For now, Lovan, Tang and Zemenfes keep busy in the FFA by taking part in CDE teams and volunteering to help with chapter activities. In the future, however, at least two of them have aspirations to be an FFA chapter officer.
Lovan wants to be the vice-president some day, while Zemenfes has his eyes set on treasurer (he wants to pursue a career as an accountant after high school). Tang said the idea is appealing, but he has at least another year before he is eligible to run for an office.
Once their finished with high school and leave the FFA behind, all three dream of returning to the countries their families came from. Lovan has not yet been to Laos, but she’s hoping to make a trip after college to see how much her parents and grandparents struggled to get to America.
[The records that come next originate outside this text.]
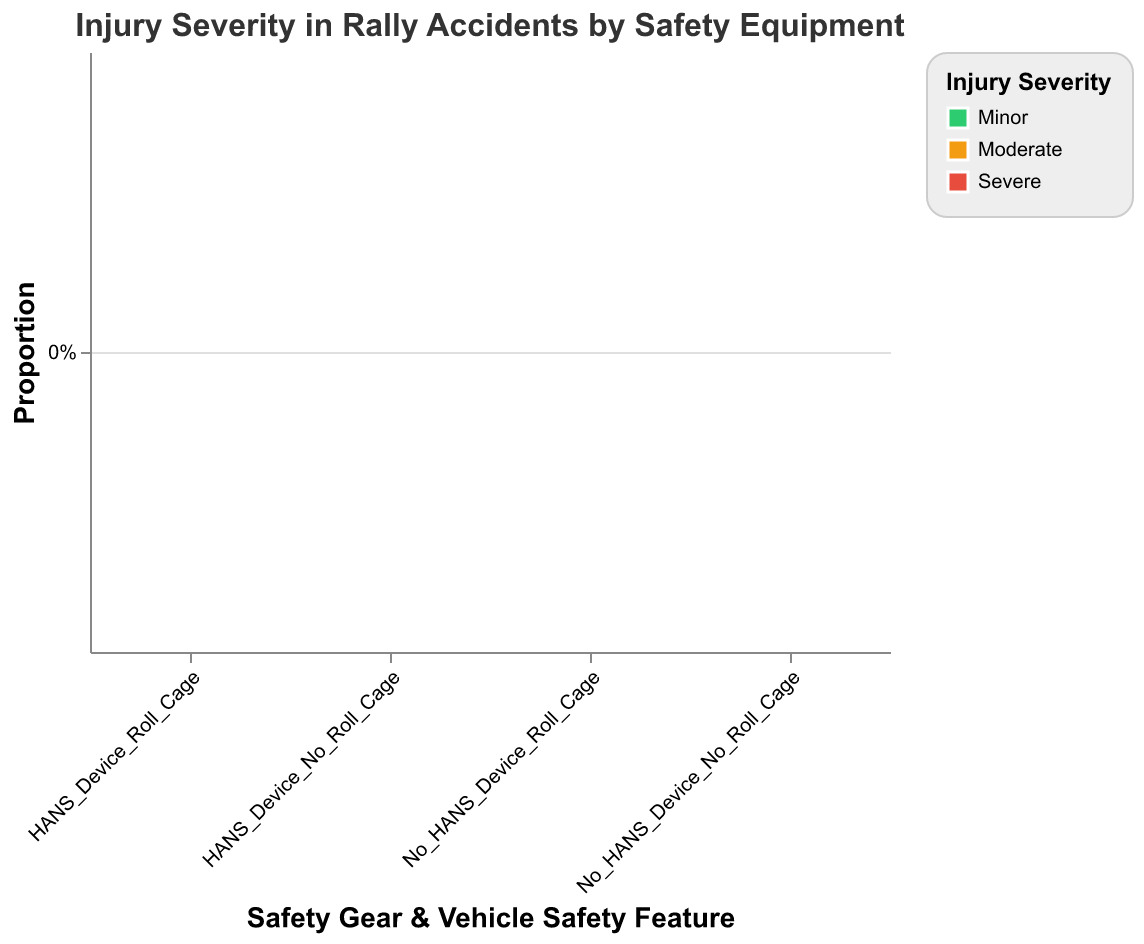What is the title of the figure? The title is typically displayed at the top of the plot, providing a summary of what the plot represents. In this case, it is specified in the code under the "title" attribute. The exact text is "Injury Severity in Rally Accidents by Safety Equipment".
Answer: Injury Severity in Rally Accidents by Safety Equipment What are the two categories on the x-axis? The x-axis shows combinations of Safety Gear and Vehicle Safety Features. These combinations are named after concatenating the values from "Safety_Gear" and "Vehicle_Safety_Feature" columns. The categories are "HANS_Device_Roll_Cage", "HANS_Device_No_Roll_Cage", "No_HANS_Device_Roll_Cage", and "No_HANS_Device_No_Roll_Cage".
Answer: HANS_Device_Roll_Cage, HANS_Device_No_Roll_Cage, No_HANS_Device_Roll_Cage, No_HANS_Device_No_Roll_Cage What injury severity category is represented by the color red? The "color" attribute in the code specifies that red represents "Severe" injuries. This can be seen in the "range" property of the scale used for the color encoding.
Answer: Severe Which safety combination category has the highest proportion of minor injuries? To find the combination with the highest proportion of minor injuries, look for the tallest green section in the plot. From the data and visual properties, "HANS_Device_Roll_Cage" has the highest count of minor injuries (45) compared to the other combinations.
Answer: HANS_Device_Roll_Cage What is the difference in the number of severe injuries between "HANS_Device_Roll_Cage" and "No_HANS_Device_No_Roll_Cage"? First, identify the counts of severe injuries for both combinations. "HANS_Device_Roll_Cage" has 3 severe injuries while "No_HANS_Device_No_Roll_Cage" has 30. The difference is 30 - 3 = 27.
Answer: 27 How does the presence of a roll cage affect the number of severe injuries when the HANS device is not used? Compare the number of severe injuries between the "No_HANS_Device_Roll_Cage" and "No_HANS_Device_No_Roll_Cage" categories. With a roll cage, there are 9 severe injuries. Without a roll cage, there are 30 severe injuries.
Answer: Lower with roll cage Which safety combination has the lowest proportion of moderate injuries? To find this, look for the smallest orange section in the plot for moderate injuries. According to the data, "HANS_Device_Roll_Cage" has the lowest count of moderate injuries (12).
Answer: HANS_Device_Roll_Cage What percentage of injuries in the "HANS_Device_No_Roll_Cage" category are severe? This requires calculating the proportion of severe injuries for the specified category. The counts for "HANS_Device_No_Roll_Cage" are: Minor = 18, Moderate = 22, Severe = 15. Total = 18 + 22 + 15 = 55. So, the percentage of severe injuries is (15 / 55) * 100 ≈ 27.27%.
Answer: 27.27% Is there a safety combination where moderate injuries occur more frequently than minor injuries? Check each safety combination to see if the count of moderate injuries exceeds that of minor injuries. For "No_HANS_Device_No_Roll_Cage", moderate injuries (25) are more frequent than minor injuries (10).
Answer: Yes What is the total count of injuries for each severity level across all safety combinations? Sum the counts for each severity level across all categories. Minor: 45 + 18 + 28 + 10 = 101. Moderate: 12 + 22 + 20 + 25 = 79. Severe: 3 + 15 + 9 + 30 = 57.
Answer: Minor: 101, Moderate: 79, Severe: 57 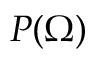<formula> <loc_0><loc_0><loc_500><loc_500>P ( \Omega )</formula> 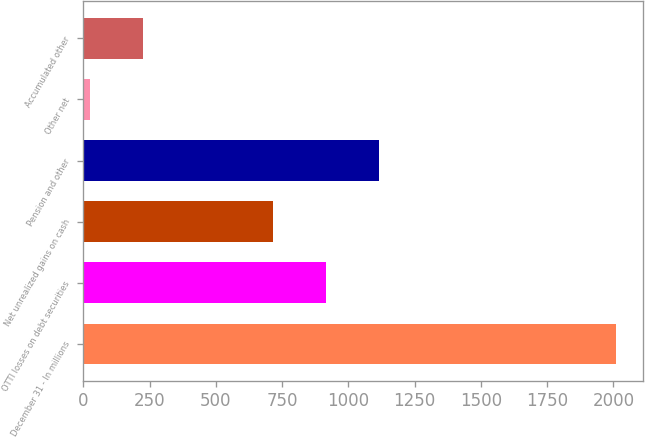Convert chart to OTSL. <chart><loc_0><loc_0><loc_500><loc_500><bar_chart><fcel>December 31 - In millions<fcel>OTTI losses on debt securities<fcel>Net unrealized gains on cash<fcel>Pension and other<fcel>Other net<fcel>Accumulated other<nl><fcel>2011<fcel>915.6<fcel>717<fcel>1114.2<fcel>25<fcel>223.6<nl></chart> 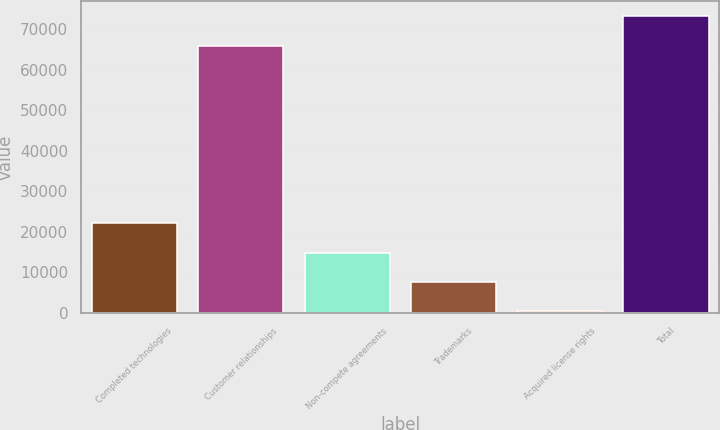Convert chart. <chart><loc_0><loc_0><loc_500><loc_500><bar_chart><fcel>Completed technologies<fcel>Customer relationships<fcel>Non-compete agreements<fcel>Trademarks<fcel>Acquired license rights<fcel>Total<nl><fcel>22120<fcel>65900<fcel>14910<fcel>7700<fcel>490<fcel>73110<nl></chart> 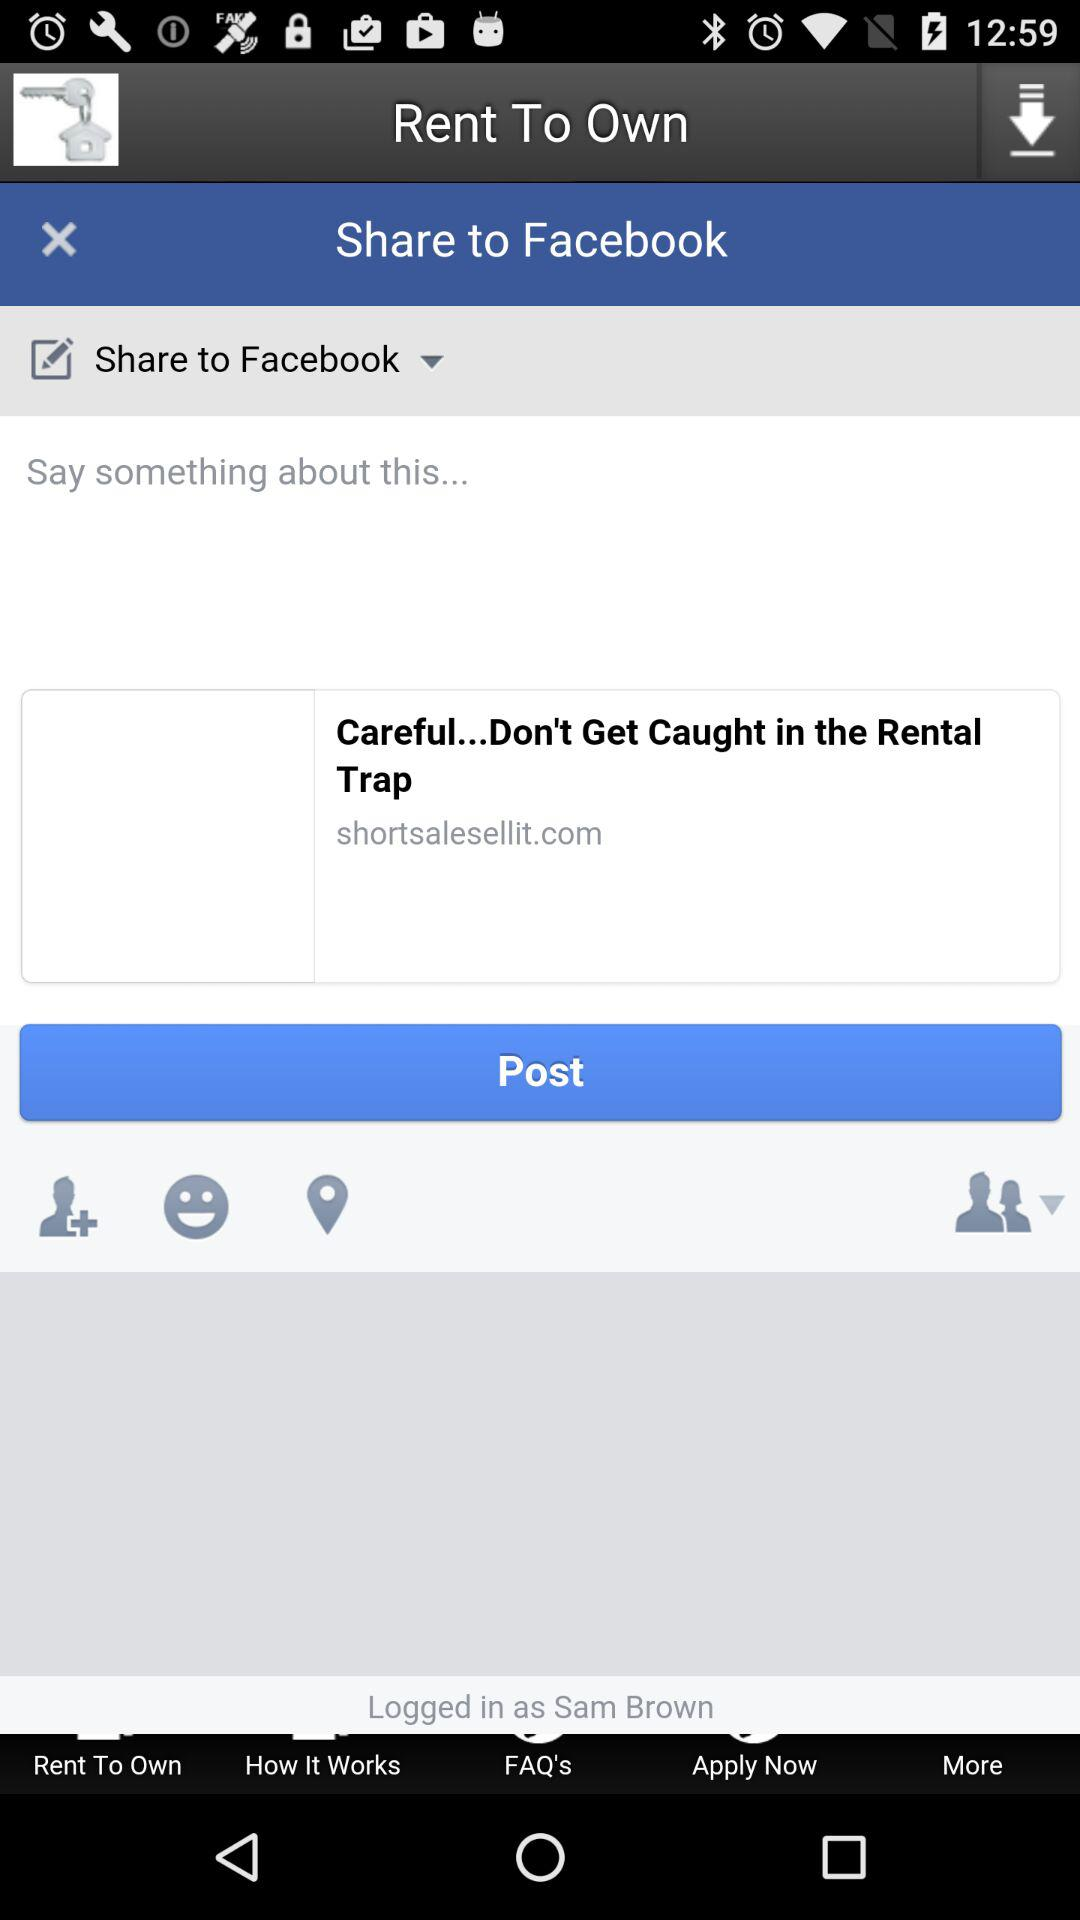Which application is sharing the post? The application sharing the post is "Rent To Own". 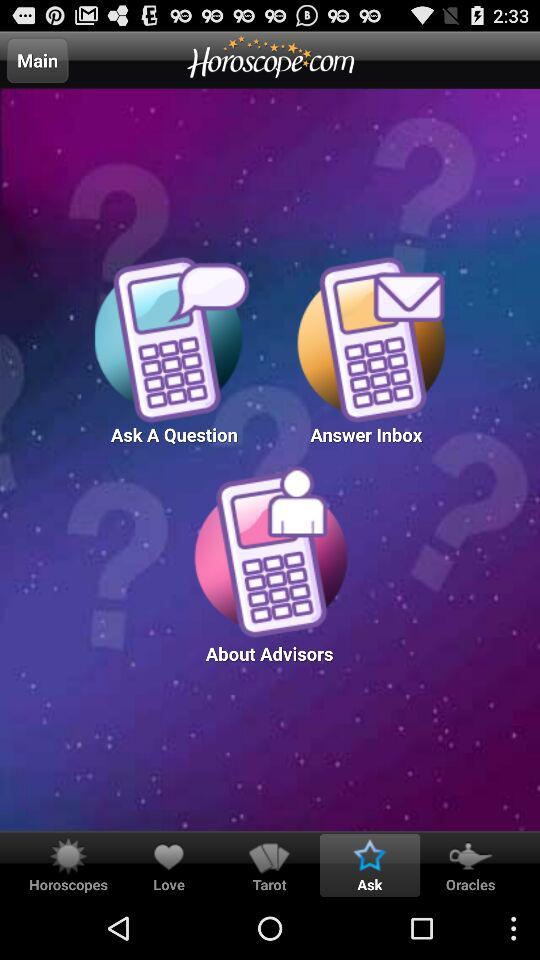Which tab has been selected? The selected tab is "Ask". 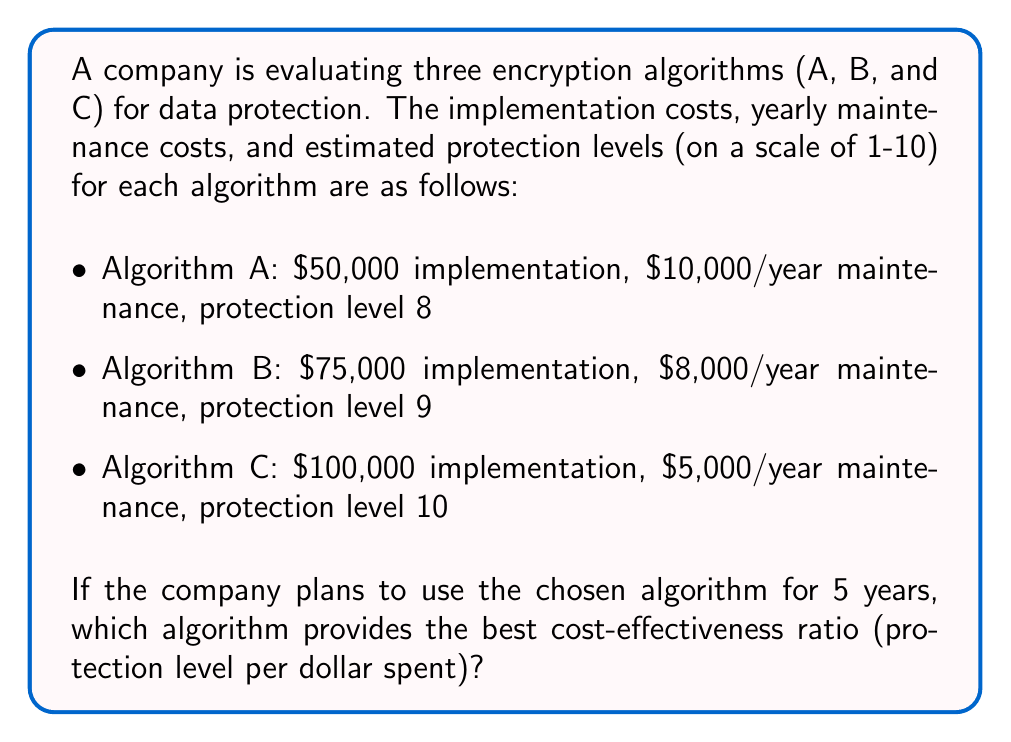Teach me how to tackle this problem. To determine the most cost-effective algorithm, we need to calculate the total cost for each algorithm over 5 years and then compare the protection level per dollar spent.

1. Calculate total cost for each algorithm over 5 years:

Algorithm A: 
$$ \text{Total Cost}_A = 50,000 + (10,000 \times 5) = \$100,000 $$

Algorithm B:
$$ \text{Total Cost}_B = 75,000 + (8,000 \times 5) = \$115,000 $$

Algorithm C:
$$ \text{Total Cost}_C = 100,000 + (5,000 \times 5) = \$125,000 $$

2. Calculate the cost-effectiveness ratio (protection level per dollar spent) for each algorithm:

Algorithm A:
$$ \text{Ratio}_A = \frac{\text{Protection Level}}{\text{Total Cost}} = \frac{8}{100,000} = 0.00008 $$

Algorithm B:
$$ \text{Ratio}_B = \frac{\text{Protection Level}}{\text{Total Cost}} = \frac{9}{115,000} \approx 0.00007826 $$

Algorithm C:
$$ \text{Ratio}_C = \frac{\text{Protection Level}}{\text{Total Cost}} = \frac{10}{125,000} = 0.00008 $$

3. Compare the ratios:

Algorithm A: 0.00008
Algorithm B: 0.00007826
Algorithm C: 0.00008

Algorithms A and C have the highest and equal cost-effectiveness ratios.
Answer: Algorithms A and C (tie) 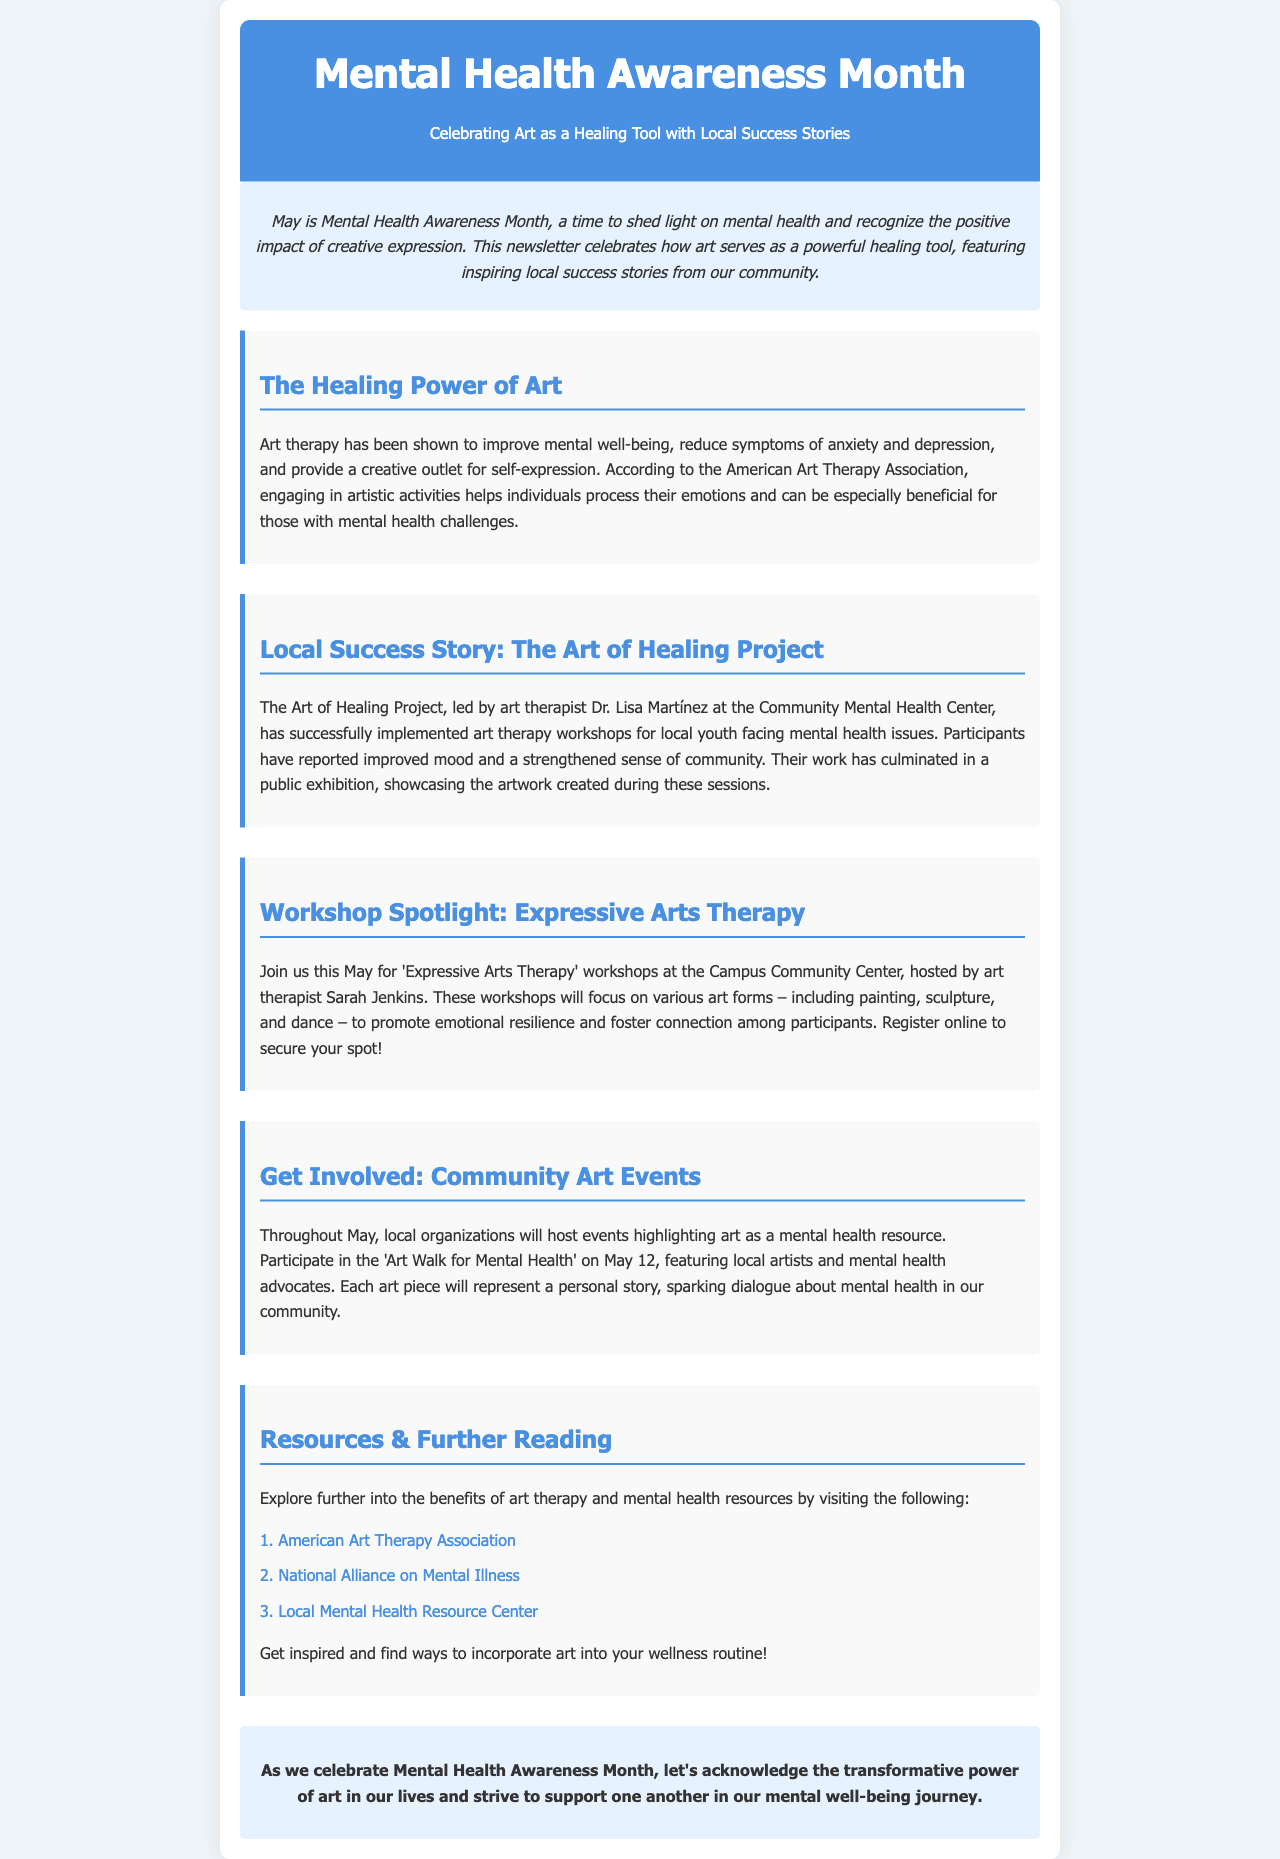What is the title of this newsletter? The title is found in the header of the document.
Answer: Mental Health Awareness Month Who leads The Art of Healing Project? The project and its leadership can be found in the local success story section.
Answer: Dr. Lisa Martínez What date is the 'Art Walk for Mental Health' scheduled? The date for this event is mentioned in the community art events section.
Answer: May 12 What type of therapy is being highlighted for workshops this May? The type of therapy is specified in the workshop spotlight section.
Answer: Expressive Arts Therapy What is a reported benefit of participating in art therapy? The benefits of art therapy are discussed in the healing power section of the document.
Answer: Improved mood How many organizations' resources are listed in the newsletter? The number of resources is mentioned in the resources section.
Answer: Three What form of expressive art is NOT mentioned in the workshop spotlight? This question evaluates understanding of the listed activities in the spotlight section.
Answer: Music What is the color scheme used for the header background? The color of the header can be identified in the styling details and visual representation of the header section.
Answer: Blue

Zemenfes is planning a trip back to Ethiopia after high school graduation, with hopes of bringing his mother back with him. One day, after he retires, his goal is to return to Ethiopia to live.
As for Tang, he’s visited China twice and has aspirations to return there to live as a permanent resident one day.
“Over there, it’s very different, but it’s also very familiar because they look more like me,” he said.
Tang’s career goal at this time is to pursue something in the medical field.
“I’ve changed my mind twice in the last three weeks,” he said, adding that he’s now considering work in oncology.